I would have thought that the cause is that it statistically has been trained that something like seahorse emoji should exist, so it does the tokens to say "Yes it exists, ..." but when it gets to outputting the token, the emoji does not exist, but it must output something and it outputs statistically closest match. Then the next token that is output has the context of it being wrong and it will go into this loop.
You are describing the same thing, but at different levels of explanation Llamasushi's explanation is "mechanistic / representational", while yours is "behavioral / statistical".
If we have a pipeline: `training => internal representation => behavior`, your explanation argues that the given training setup would always result in this behavior, not matter the internal representation.
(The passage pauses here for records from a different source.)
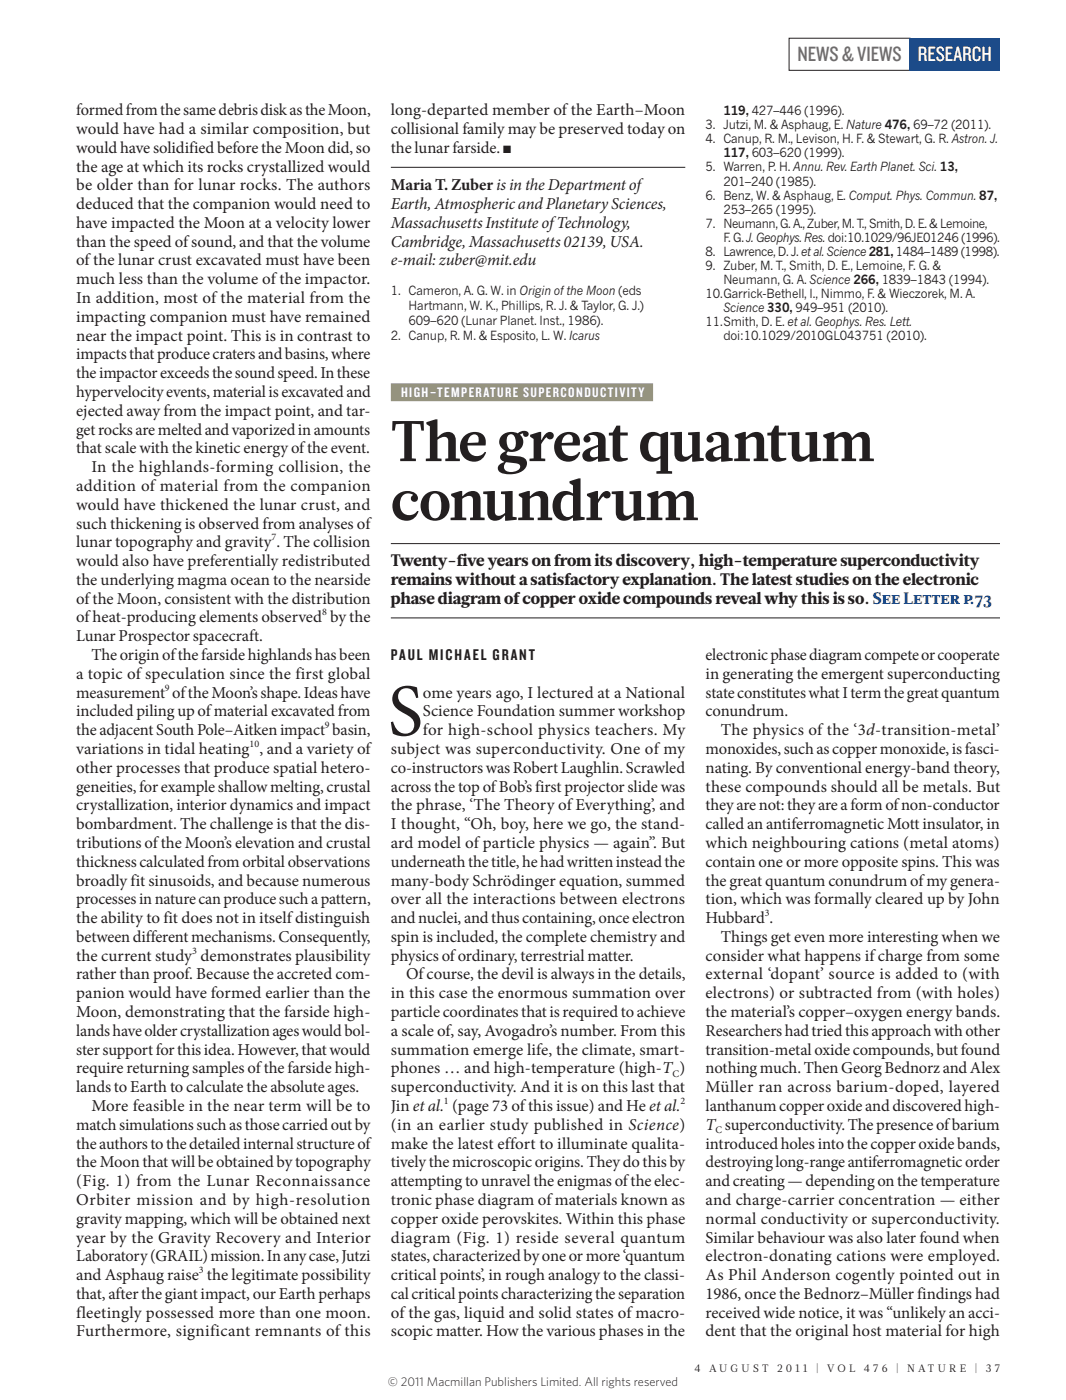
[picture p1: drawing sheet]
<svg xmlns="http://www.w3.org/2000/svg" width="210mm" height="276mm" viewBox="0 0 210 276" stroke-linecap="round" stroke-linejoin="round" font-family="sans-serif">
<defs><g id="words">
<text font-size="14.7" fill="#231f20" x="76.4" y="144.9">S</text>
<g font-size="11.3" fill="#231f20">
<text x="77" y="90.9">The great quantum</text>
<text x="77" y="102.5">conundrum</text>
</g>
<text font-size="4.2" fill="#6c6d70" x="157.1" y="12.1">NEWS &amp; VIEWS</text>
<text font-size="4.2" fill="#fff" x="180.8" y="12.1">RESEARCH</text>
<g font-size="3.3" fill="#231f20">
<text x="15" y="22.7">formed from the same debris disk as the Moon,</text>
<text x="77" y="22.7">long-departed member of the Earth–Moon</text>
<text x="15" y="26.4">would have had a similar composition, but</text>
<text x="77" y="26.4">collisional family may be preserved today on</text>
<text x="15" y="30.1">would have solidified before the Moon did, so</text>
<text x="15" y="33.8">the age at which its rocks crystallized would</text>
<text x="77" y="30.1">the lunar farside.</text>
<text x="15" y="37.5">be older than for lunar rocks. The authors</text>
<text x="15" y="41.2">deduced that the companion would need to</text>
<text x="77" y="37.5">Maria T. Zuber is in the Department of</text>
<text x="77" y="41.2">Earth, Atmospheric and Planetary Sciences,</text>
<text x="15" y="44.9">have impacted the Moon at a velocity lower</text>
<text x="77" y="44.9">Massachusetts Institute of Technology,</text>
<text x="15" y="48.6">than the speed of sound, and that the volume</text>
<text x="15" y="52.3">of the lunar crust excavated must have been</text>
<text x="77" y="48.6">Cambridge, Massachusetts 02139, USA.</text>
<text x="77" y="52.3">e-mail: zuber@mit.edu</text>
<text x="15" y="56">much less than the volume of the impactor.</text>
<text x="15" y="59.7">In addition, most of the material from the</text>
<text x="15" y="63.4">impacting companion must have remained</text>
<text x="15" y="67.2">near the impact point. This is in contrast to</text>
<text x="15" y="70.9">impacts that produce craters and basins, where</text>
<text x="15" y="74.6">the impactor exceeds the sound speed. In these</text>
<text x="15" y="78.3">hypervelocity events, material is excavated and</text>
<text x="15" y="82">ejected away from the impact point, and tar-</text>
<text x="15" y="85.7">get rocks are melted and vaporized in amounts</text>
<text x="15" y="89.4">that scale with the kinetic energy of the event.</text>
<text x="18" y="93.1">In the highlands-forming collision, the</text>
<text x="15" y="96.8">addition of material from the companion</text>
<text x="15" y="100.5">would have thickened the lunar crust, and</text>
<text x="15" y="104.2">such thickening is observed from analyses of</text>
<text x="15" y="107.9">lunar topography and gravity . The collision</text>
<text x="15" y="111.6">would also have preferentially redistributed</text>
<text x="77" y="111.6">Twenty-five years on from its discovery, high-temperature superconductivity</text>
<text x="15" y="115.3">the underlying magma ocean to the nearside</text>
<text x="15" y="119">of the Moon, consistent with the distribution</text>
<text x="77" y="115.3">remains without a satisfactory explanation. The latest studies on the electronic</text>
<text x="77" y="119">phase diagram of copper oxide compounds reveal why this is so. See Letter p.73</text>
<text x="15" y="122.7">of heat-producing elements observed by the</text>
<text x="15" y="126.4">Lunar Prospector spacecraft.</text>
<text x="18" y="130.1">The origin of the farside highlands has been</text>
<text x="139" y="130.1">electronic phase diagram compete or cooperate</text>
<text x="15" y="133.8">a topic of speculation since the first global</text>
<text x="15" y="137.5">measurement of the Moon’s shape. Ideas have</text>
<text x="83.3" y="137.5">ome years ago, I lectured at a National</text>
<text x="139" y="133.8">in generating the emergent superconducting</text>
<text x="139" y="137.5">state constitutes what I term the great quantum</text>
<text x="15" y="141.2">included piling up of material excavated from</text>
<text x="83.3" y="141.2">Science Foundation summer workshop</text>
<text x="139" y="141.2">conundrum.</text>
<text x="15" y="144.9">the adjacent South Pole–Aitken impact basin,</text>
<text x="15" y="148.6">variations in tidal heating , and a variety of</text>
<text x="77" y="148.6">subject was superconductivity. One of my</text>
<text x="83.3" y="144.9">for high-school physics teachers. My</text>
<text x="139" y="148.6">monoxides, such as copper monoxide, is fasci-</text>
<text x="142" y="144.9">The physics of the ‘3d-transition-metal’</text>
<text x="15" y="152.3">other processes that produce spatial hetero-</text>
<text x="77" y="152.3">co-instructors was Robert Laughlin. Scrawled</text>
<text x="139" y="152.3">nating. By conventional energy-band theory,</text>
<text x="15" y="156.1">geneities, for example shallow melting, crustal</text>
<text x="15" y="159.8">crystallization, interior dynamics and impact</text>
<text x="77" y="156.1">across the top of Bob’s first projector slide was</text>
<text x="77" y="159.8">the phrase, ‘The Theory of Everything’, and</text>
<text x="139" y="156.1">these compounds should all be metals. But</text>
<text x="139" y="159.8">they are not: they are a form of non-conductor</text>
<text x="15" y="163.5">bombardment. The challenge is that the dis-</text>
<text x="15" y="167.2">tributions of the Moon’s elevation and crustal</text>
<text x="77" y="163.5">I thought, “Oh, boy, here we go, the stand-</text>
<text x="77" y="167.2">ard model of particle physics — again”. But</text>
<text x="139" y="163.5">called an antiferromagnetic Mott insulator, in</text>
<text x="139" y="167.2">which neighbouring cations (metal atoms)</text>
<text x="15" y="170.9">thickness calculated from orbital observations</text>
<text x="77" y="170.9">underneath the title, he had written instead the</text>
<text x="139" y="170.9">contain one or more opposite spins. This was</text>
<text x="15" y="174.6">broadly fit sinusoids, and because numerous</text>
<text x="15" y="178.3">processes in nature can produce such a pattern,</text>
<text x="77" y="174.6">many-body Schrödinger equation, summed</text>
<text x="77" y="178.3">over all the interactions between electrons</text>
<text x="139" y="174.6">the great quantum conundrum of my genera-</text>
<text x="139" y="178.3">tion, which was formally cleared up by John</text>
<text x="15" y="182">the ability to fit does not in itself distinguish</text>
<text x="15" y="185.7">between different mechanisms. Consequently,</text>
<text x="77" y="182">and nuclei, and thus containing, once electron</text>
<text x="77" y="185.7">spin is included, the complete chemistry and</text>
<text x="139" y="182">Hubbard .</text>
<text x="142" y="185.7">Things get even more interesting when we</text>
<text x="15" y="189.4">the current study demonstrates plausibility</text>
<text x="77" y="189.4">physics of ordinary, terrestrial matter.</text>
<text x="139" y="189.4">consider what happens if charge from some</text>
<text x="15" y="193.1">rather than proof. Because the accreted com-</text>
<text x="15" y="196.8">panion would have formed earlier than the</text>
<text x="77" y="196.8">in this case the enormous summation over</text>
<text x="80" y="193.1">Of course, the devil is always in the details,</text>
<text x="139" y="193.1">external ‘dopant’ source is added to (with</text>
<text x="139" y="196.8">electrons) or subtracted from (with holes)</text>
<text x="15" y="200.5">Moon, demonstrating that the farside high-</text>
<text x="77" y="200.5">particle coordinates that is required to achieve</text>
<text x="139" y="200.5">the material’s copper–oxygen energy bands.</text>
<text x="15" y="204.2">lands have older crystallization ages would bol-</text>
<text x="15" y="207.9">ster support for this idea. However, that would</text>
<text x="77" y="204.2">a scale of, say, Avogadro’s number. From this</text>
<text x="77" y="207.9">summation emerge life, the climate, smart-</text>
<text x="139" y="204.2">Researchers had tried this approach with other</text>
<text x="139" y="207.9">transition-metal oxide compounds, but found</text>
<text x="15" y="211.6">require returning samples of the farside high-</text>
<text x="15" y="215.3">lands to Earth to calculate the absolute ages.</text>
<text x="77" y="211.6">phones … and high-temperature (high-T )</text>
<text x="77" y="215.3">superconductivity. And it is on this last that</text>
<text x="139" y="211.6">nothing much. Then Georg Bednorz and Alex</text>
<text x="139" y="215.3">Müller ran across barium-doped, layered</text>
<text x="18" y="219">More feasible in the near term will be to</text>
<text x="77" y="219">Jin et al. (page 73 of this issue) and He et al.</text>
<text x="139" y="219">lanthanum copper oxide and discovered high-</text>
<text x="15" y="222.7">match simulations such as those carried out by</text>
<text x="15" y="226.4">the authorsto the detailed internal structure of</text>
<text x="77" y="222.7">(in an earlier study published in Science)</text>
<text x="77" y="226.4">make the latest effort to illuminate qualita-</text>
<text x="139" y="222.7">T superconductivity. The presence of barium</text>
<text x="139" y="226.4">introduced holes into the copper oxide bands,</text>
<text x="15" y="230.1">the Moon that will be obtained by topography</text>
<text x="15" y="233.8">(Fig. 1) from the Lunar Reconnaissance</text>
<text x="77" y="230.1">tively the microscopic origins. They do this by</text>
<text x="77" y="233.8">attempting to unravel the enigmas of the elec-</text>
<text x="139" y="230.1">destroying long-range antiferromagnetic order</text>
<text x="139" y="233.8">and creating — depending on the temperature</text>
<text x="15" y="237.5">Orbiter mission and by high-resolution</text>
<text x="77" y="237.5">tronic phase diagram of materials known as</text>
<text x="139" y="237.5">and charge-carrier concentration — either</text>
<text x="15" y="241.2">gravity mapping, which will be obtained next</text>
<text x="15" y="245">year by the Gravity Recovery and Interior</text>
<text x="77" y="241.2">copper oxide perovskites. Within this phase</text>
<text x="77" y="245">diagram (Fig. 1) reside several quantum</text>
<text x="139" y="241.2">normal conductivity or superconductivity.</text>
<text x="139" y="245">Similar behaviour was also later found when</text>
<text x="15" y="248.7">Laboratory (GRAIL) mission. In any case, Jutzi</text>
<text x="77" y="248.7">states, characterized by one or more ‘quantum</text>
<text x="139" y="248.7">electron-donating cations were employed.</text>
<text x="15" y="252.4">and Asphaug raise the legitimate possibility</text>
<text x="15" y="256.1">that, after the giant impact, our Earth perhaps</text>
<text x="77" y="252.4">critical points’, in rough analogy to the classi-</text>
<text x="77" y="256.1">cal critical points characterizing the separation</text>
<text x="139" y="252.4">As Phil Anderson cogently pointed out in</text>
<text x="139" y="256.1">1986, once the Bednorz–Müller findings had</text>
<text x="15" y="259.8">fleetingly possessed more than one moon.</text>
<text x="15" y="263.5">Furthermore, significant remnants of this</text>
<text x="77" y="259.8">of the gas, liquid and solid states of macro-</text>
<text x="77" y="263.5">scopic matter. How the various phases in the</text>
<text x="139" y="259.8">received wide notice, it was “unlikely an acci-</text>
<text x="139" y="263.5">dent that the original host material for high</text>
</g>
<text font-size="3.2" fill="#231f20" x="77" y="130.1">PAUL MICHAEL GRANT</text>
<text font-size="2.8" fill="#fff" x="79" y="78.3">HIGH–TEMPERATURE SUPERCONDUCTIVITY</text>
<g font-size="2.5" fill="#231f20">
<text x="142.5" y="22.7">119, 427–446 (1996).</text>
<text x="139" y="25.5">3. Jutzi, M. &amp; Asphaug, E. Nature 476, 69–72 (2011).</text>
<text x="139" y="28.2">4. Canup, R. M., Levison, H. F. &amp; Stewart, G. R. Astron. J.</text>
<text x="139" y="33.8">5. Warren, P. H. Annu. Rev. Earth Planet. Sci. 13,</text>
<text x="142.5" y="31">117, 603–620 (1999).</text>
<text x="139" y="39.4">6. Benz, W. &amp; Asphaug, E. Comput. Phys. Commun. 87,</text>
<text x="142.5" y="36.6">201–240 (1985).</text>
<text x="139" y="44.9">7. Neumann, G. A., Zuber, M. T., Smith, D. E. &amp; Lemoine,</text>
<text x="142.5" y="42.1">253–265 (1995).</text>
<text x="142.5" y="47.7">F. G. J. Geophys. Res. doi:10.1029/96JE01246 (1996).</text>
<text x="139" y="50.5">8. Lawrence, D. J. et al. Science 281, 1484–1489 (1998).</text>
<text x="139" y="53.2">9. Zuber, M. T., Smith, D. E., Lemoine, F. G. &amp;</text>
<text x="77" y="58.2">1. Cameron, A. G. W. in Origin of the Moon (eds</text>
<text x="139" y="58.8">10.Garrick-Bethell, I., Nimmo, F. &amp; Wieczorek, M. A.</text>
<text x="142.5" y="56">Neumann, G. A. Science 266, 1839–1843 (1994).</text>
<text x="80.5" y="61.1">Hartmann, W. K., Phillips, R. J. &amp; Taylor, G. J.)</text>
<text x="80.5" y="64.1">609–620 (Lunar Planet. Inst., 1986).</text>
<text x="139" y="64.3">11.Smith, D. E. et al. Geophys. Res. Lett.</text>
<text x="142.5" y="61.6">Science 330, 949–951 (2010).</text>
<text x="77" y="67.1">2. Canup, R. M. &amp; Esposito, L. W. Icarus</text>
<text x="142.5" y="67.1">doi:10.1029/2010GL043751 (2010).</text>
<text x="76.4" y="273.2">© 2011 Macmillan Publishers Limited. All rights reserved</text>
</g>
<g font-size="2.1" fill="#231f20">
<text x="99.1" y="30.1">■</text>
<text x="136.8" y="270.5">4</text>
<text x="139.7" y="270.5">A U G U S T</text>
<text x="153.1" y="270.5">2 0 1 1</text>
<text x="160.8" y="270.5">|</text>
<text x="163" y="270.5">V O L</text>
<text x="170.2" y="270.5">4 7 6</text>
<text x="176.6" y="270.5">|</text>
<text x="178.7" y="270.5">N A T U R E</text>
<text x="192" y="270.5">|</text>
<text x="194.2" y="270.5">3 7</text>
</g>
<g font-size="2" fill="#231f20">
<text x="53.5" y="106.5">7</text>
<text x="63.5" y="121.3">8</text>
<text x="32.5" y="136.1">9</text>
<text x="64" y="143.5">9</text>
<text x="49.2" y="147.3">10</text>
<text x="150.7" y="180.6">3</text>
<text x="37.9" y="188">3</text>
<text x="132.5" y="212.3">C</text>
<text x="87.5" y="217.6">1</text>
<text x="134" y="217.6">2</text>
<text x="141" y="223.4">C</text>
<text x="39.2" y="251">3</text>
</g>
</g></defs>
<path d="M77 33h58M77 107.2h120M77 121.8h120" fill="none" stroke="#231f20" stroke-width=".2"/>
<path d="M77 77.3h51.7" fill="none" stroke="#95937f" stroke-width="3.5" stroke-linecap="butt"/>
<g fill="#fff">
<path d="M112 267.5h85v4.4h-85z"/>
<path d="M155.4 7.5h23.9v6.4h-23.9z"/>
</g>
<path d="M155.4 7.5h23.9v6.4h-23.9z" fill="none" stroke="#231f20" stroke-width=".2"/>
<path d="M179.2 7.5h17.8v6.4h-17.8z" fill="#0d4da1"/>
<path d="M75.4 271.2l.8-.5h.5h56.6a1.78 1.78 0 0 1 1.8 1.8 1.78 1.78 0 0 1-1.8 1.7h-56.6a1.85 1.85 0 0 1-1.8-2.2v.5l.1-.5z" fill="#fff"/>
<use href="#words"/>
</svg>

Llamasushi explains how the concrete learned representation leads to this behavior.
I guess what do we mean by internal representation?
I would think due to training data it's stored the likelihood of certain thing to be as emoji as something like:
1. how appealing seahorses are to humans in general - it would learn this sentiment through massive amount of texts.
2. it would learn through massive amount of texts that emojis -> mostly very appealing things to humans.
3. to some more obvious emojis it might have learned that this one is for sure there, but it couldn't store that info for all 4,000 emojis.
4. to many emojis whether it exists it has the shortcut logic to: how appealing the concept is, vs how frequently something as appealing is represented as emoji. Seahorse perhaps hits 99.9% likelihood there due to strong appeal. In 99.9% of such cases the LLM would be right to answer "Yes, it ...", but there's always going to be 1 out of 1,000 cases where it's wrong.
With this compression it's able to answer 999 times out of 1000 correctly "Yes, it exists ...".
It could be more accurate if it said "Seahorse would have a lot of appeal for people so it's very likely it exists as emoji since emojis are usually made for very high appeal concepts first, but I know nothing for 100%, so it could be it was never made".
But 999 cases, "Yes it exists..." is a more straightforward and appreciated answer. The one time it's wrong, is going to take away less brownie points than 999 short confident answers give over the 1000 technically accurate but non confident answers.
But even the above sentence might not be the full truth. Since it might not be correct about truly why it has associated seahorse to be so likely to exist. It would just be speculating on it. So maybe it would be more accurate "I expect seahorse emoji to likely exist, maybe because of how appealing it is to people and how emojis usually are about appealing things".